In December 2023, BC Hockey began the process of restructuring Junior A hockey in British Columbia. The three Junior B leagues (PJHL, KIJHL and VIJHL) were designated as "Junior A Tier 2", with plans to evaluate teams seeking to be promoted to "Junior A Tier 1".

On March 18, 2025, the PJHL announced that for the 2025–26 season, the league would split into two, with seven teams in Junior A Tier 1 and eight in Junior A Tier 2. This proposal was rejected by a vote of member clubs, but the league realigned its divisions along the lines of the proposed split.

=== Formation of league ===
On April 21, 2026, the BC Hockey, along with the KIJHL and PJHL, announced the launch of the British Columbia Hockey Conference as a sanctioned Junior A league.
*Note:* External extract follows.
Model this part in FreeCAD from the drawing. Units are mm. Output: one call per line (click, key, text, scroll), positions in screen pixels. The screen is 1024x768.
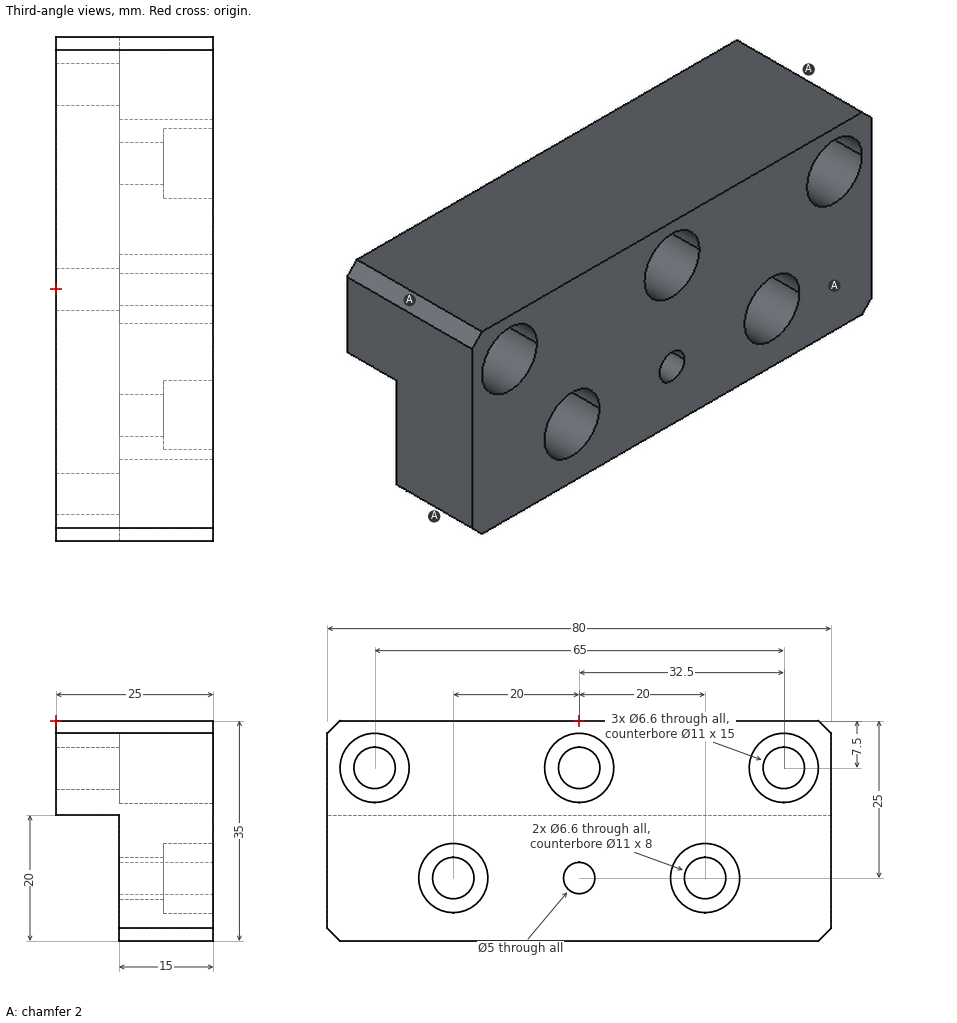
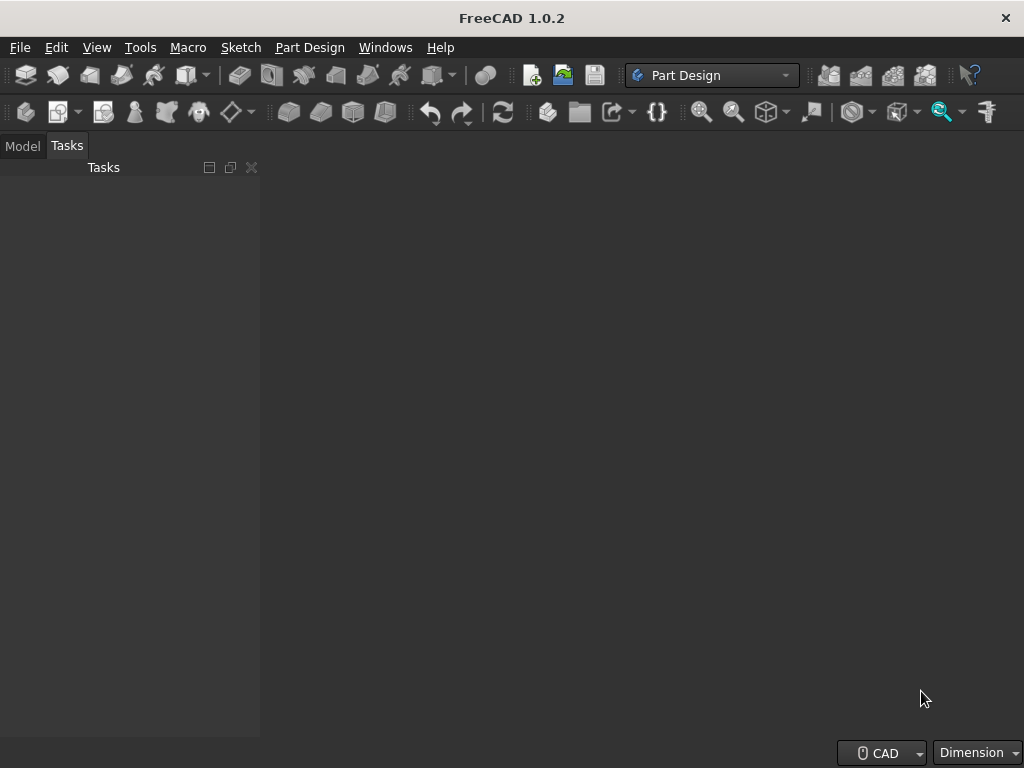
click(532, 76)

The league will start in 2026–27, and feature 22 teams split into three divisions. The KIJHL will cease to exist following the departure of 14 teams to the BCHC after losing eight teams to the new Western International Junior Hockey League (WIJHL) earlier in 2026. The BCHC plans to apply for membership to the CJHL to bring British Columbia back into the national system of Junior A.

== Teams ==
The 2026–27 BCHC season will feature 22 teams in four divisions.

Interior Division
| Team | City | Arena | Founded | Joined |
| Kamloops Storm | Kamloops | MacArthur Island Arena | 1976 | 2026 |
| Merritt Centennials | Merritt | Nicola Valley Memorial Arena | 1961 | 2026 |
| Quesnel River Rush | Quesnel | West Fraser Centre | 2009 | 2026 |
| Revelstoke Grizzlies | Revelstoke | Revelstoke Forum | 1993 | 2026 |
| Williams Lake Mustangs | Williams Lake | Cariboo Memorial Recreation Centre | 2011 | 2026 |
Kootenay Division
| Team | City | Arena | Founded | Joined |
| Beaver Valley Nitehawks | Fruitvale | Beaver Valley Arena | 1981 | 2026 |
| Columbia Valley Rockies | Invermere | Eddie Mountain Memorial Arena | 1978 | 2026 |
| Fernie Ghostriders | Fernie | Fernie Memorial Arena | 1991 | 2026 |
| Grand Forks Border Bruins | Grand Forks | Jack Goddard Memorial Arena | 1967 | 2026 |
| Kimberley Dynamiters | Kimberley | Kimberley Civic Centre | 1972 | 2026 |
| Nelson Leafs | Nelson | Nelson and District Community Complex | 1965 | 2026 |
Valley Division
| Team | City | Arena | Founded | Joined |
| Chilliwack Jets | Chilliwack | Sardis Sports Complex | 2020 | 2026 |
| Langley Trappers | Langley | George Preston Recreation Centre | 2017 | 2026 |
| Princeton Posse | Princeton | Princeton & District Multipurpose Arena | 1993 | 2026 |
| Osoyoos Coyotes | Osoyoos | Osoyoos Sunbowl Arena | 2010 | 2026 |
| Summerland Jets | Summerland | Summerland Arena | 2026 | 2026 |
Mainland Division
| Team | City | Arena | Founded | Joined |
| Burnaby Steelers | Burnaby | Burnaby Winter Club | 1967 | 2026 |
| Coastal Tsunami | Gibsons | Gibsons & Area Community Centre | 2024 | 2026 |
| Delta Ice Hawks | Delta | Sungod Recreation Centre | 1997 | 2026 |
| Port Coquitlam Trailblazers | Port Coquitlam | Port Coquitlam Community Centre | 2023 | 2026 |
| Richmond Sockeyes | Richmond | Minoru Arena | 1972 | 2026 |
| Ridge Meadows Flames | Maple Ridge | Planet Ice Maple Ridge/Cam Neely Arena | 1972 | 2026 |

== Playoff Structure ==
The top four teams from each division will qualify for the 2027 BCHC Playoffs, with four best-of-seven rounds determining the first-ever BCHC Provincial Junior A Champion.

Teams will compete within their divisions through the opening two rounds of the postseason. Following the division playoffs, the League Semi-Finals will feature:

- Mainland Division Champion vs. Valley Division Champion
- Interior Division Champion vs. Kootenay Division Champion

The winners of those series will advance to the 2027 Mowat Cup Final, where the BCHC champion will be crowned.